Return each entry exactly, with none missing.

::: Records to use

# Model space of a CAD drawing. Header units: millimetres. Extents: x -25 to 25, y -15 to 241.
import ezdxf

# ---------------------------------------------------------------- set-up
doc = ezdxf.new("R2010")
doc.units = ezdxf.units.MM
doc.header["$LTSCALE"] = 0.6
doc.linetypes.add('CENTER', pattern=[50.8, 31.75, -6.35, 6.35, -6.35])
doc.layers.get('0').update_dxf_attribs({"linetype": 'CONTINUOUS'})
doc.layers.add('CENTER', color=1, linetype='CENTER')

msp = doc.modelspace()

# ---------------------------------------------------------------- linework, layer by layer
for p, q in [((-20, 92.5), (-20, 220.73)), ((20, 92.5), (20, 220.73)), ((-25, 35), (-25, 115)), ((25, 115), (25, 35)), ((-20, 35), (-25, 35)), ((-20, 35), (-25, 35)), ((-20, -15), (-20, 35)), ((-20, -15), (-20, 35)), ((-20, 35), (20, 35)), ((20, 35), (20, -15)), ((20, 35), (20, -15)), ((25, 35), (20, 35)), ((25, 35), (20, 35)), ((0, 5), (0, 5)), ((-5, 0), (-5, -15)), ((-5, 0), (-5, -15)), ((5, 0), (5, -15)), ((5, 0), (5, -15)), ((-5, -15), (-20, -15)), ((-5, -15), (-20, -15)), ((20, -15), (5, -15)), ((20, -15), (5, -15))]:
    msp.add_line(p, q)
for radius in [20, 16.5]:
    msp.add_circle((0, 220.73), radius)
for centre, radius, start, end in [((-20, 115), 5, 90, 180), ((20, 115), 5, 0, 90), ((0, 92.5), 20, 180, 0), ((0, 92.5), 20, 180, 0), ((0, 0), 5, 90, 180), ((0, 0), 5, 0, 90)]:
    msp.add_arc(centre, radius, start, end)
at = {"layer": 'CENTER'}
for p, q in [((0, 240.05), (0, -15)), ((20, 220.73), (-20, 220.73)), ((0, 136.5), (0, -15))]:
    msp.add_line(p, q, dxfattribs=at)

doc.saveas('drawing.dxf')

::::::

• [Exercise result]
# Model space of a CAD drawing. Header units: millimetres. Extents: x -25 to 25, y -15 to 241.
import ezdxf

# ---------------------------------------------------------------- set-up
doc = ezdxf.new("R2010")
doc.units = ezdxf.units.MM
doc.header["$LTSCALE"] = 0.6
doc.linetypes.add('CENTER', pattern=[50.8, 31.75, -6.35, 6.35, -6.35])
doc.layers.get('0').update_dxf_attribs({"linetype": 'CONTINUOUS'})
doc.layers.add('CENTER', color=1, linetype='CENTER')

msp = doc.modelspace()

# ---------------------------------------------------------------- linework, layer by layer
for p, q in [((-20, 92.5), (-20, 220.73)), ((20, 92.5), (20, 220.73)), ((-25, 35), (-25, 115)), ((25, 115), (25, 35)), ((-20, 35), (-25, 35)), ((-20, 35), (-25, 35)), ((-20, -15), (-20, 35)), ((-20, -15), (-20, 35)), ((-20, 35), (20, 35)), ((20, 35), (20, -15)), ((20, 35), (20, -15)), ((25, 35), (20, 35)), ((25, 35), (20, 35)), ((0, 5), (0, 5)), ((-5, 0), (-5, -15)), ((-5, 0), (-5, -15)), ((5, 0), (5, -15)), ((5, 0), (5, -15)), ((-5, -15), (-20, -15)), ((-5, -15), (-20, -15)), ((20, -15), (5, -15)), ((20, -15), (5, -15))]:
    msp.add_line(p, q)
for radius in [20, 16.5]:
    msp.add_circle((0, 220.73), radius)
for centre, radius, start, end in [((-20, 115), 5, 90, 180), ((20, 115), 5, 0, 90), ((0, 92.5), 20, 180, 0), ((0, 92.5), 20, 180, 0), ((0, 0), 5, 90, 180), ((0, 0), 5, 0, 90)]:
    msp.add_arc(centre, radius, start, end)
at = {"layer": 'CENTER'}
for p, q in [((0, 240.05), (0, -15)), ((20, 220.73), (-20, 220.73)), ((0, 136.5), (0, -15))]:
    msp.add_line(p, q, dxfattribs=at)

doc.saveas('drawing.dxf')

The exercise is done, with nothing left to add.